- [ACTIVITY] Check every line in the records below for the word "EnrolmentForeignTypeResource" and report how many have it, nothing more.

- [GIVEN RECORDS]
********************

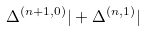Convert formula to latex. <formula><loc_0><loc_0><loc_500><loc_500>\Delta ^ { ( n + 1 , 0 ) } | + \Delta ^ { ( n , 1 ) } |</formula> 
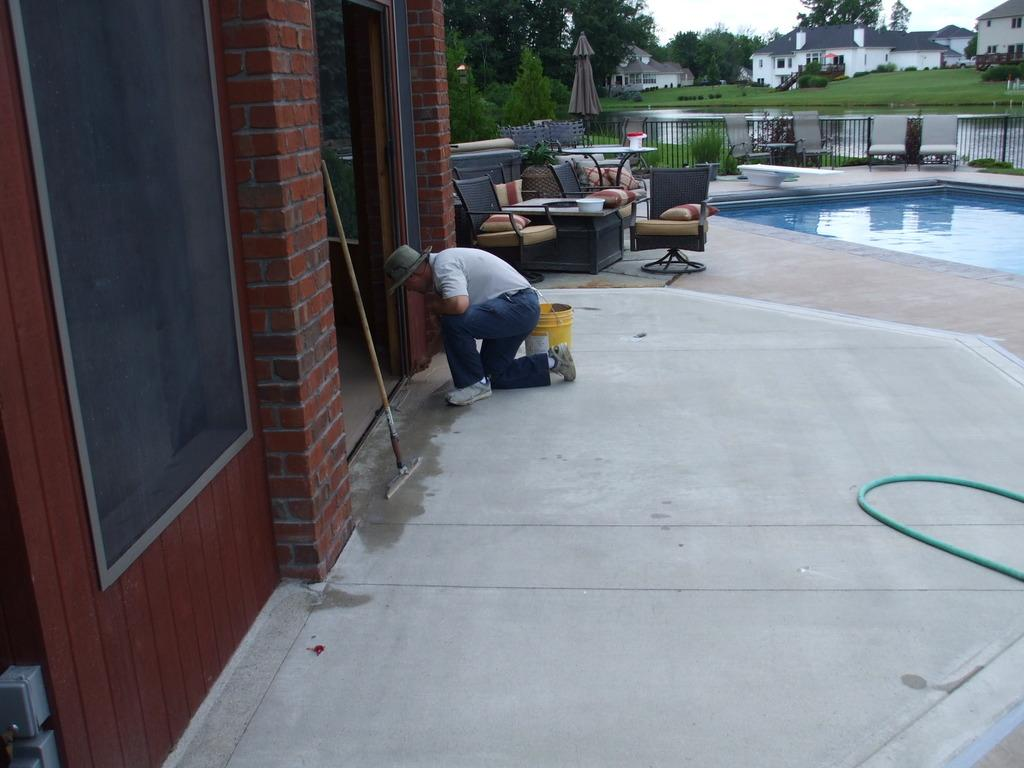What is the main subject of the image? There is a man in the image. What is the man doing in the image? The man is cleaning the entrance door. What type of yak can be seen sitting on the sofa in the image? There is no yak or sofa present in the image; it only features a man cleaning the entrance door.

********************

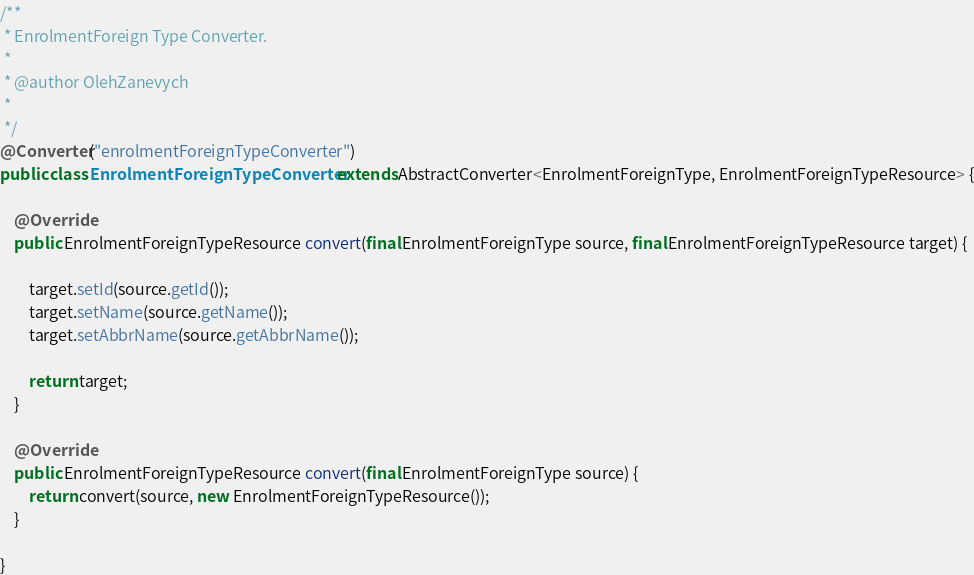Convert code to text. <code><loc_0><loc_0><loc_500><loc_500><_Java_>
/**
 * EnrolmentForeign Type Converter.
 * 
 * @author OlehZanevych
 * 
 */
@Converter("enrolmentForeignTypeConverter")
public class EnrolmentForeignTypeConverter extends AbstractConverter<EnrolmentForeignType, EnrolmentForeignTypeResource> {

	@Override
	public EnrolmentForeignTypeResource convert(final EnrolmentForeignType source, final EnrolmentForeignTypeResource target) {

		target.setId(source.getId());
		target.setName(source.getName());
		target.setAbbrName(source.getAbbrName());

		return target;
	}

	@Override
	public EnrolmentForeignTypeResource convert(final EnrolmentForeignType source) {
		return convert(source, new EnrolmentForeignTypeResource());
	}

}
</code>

********************

- [RESPONSE TO THE EXERCISE] 4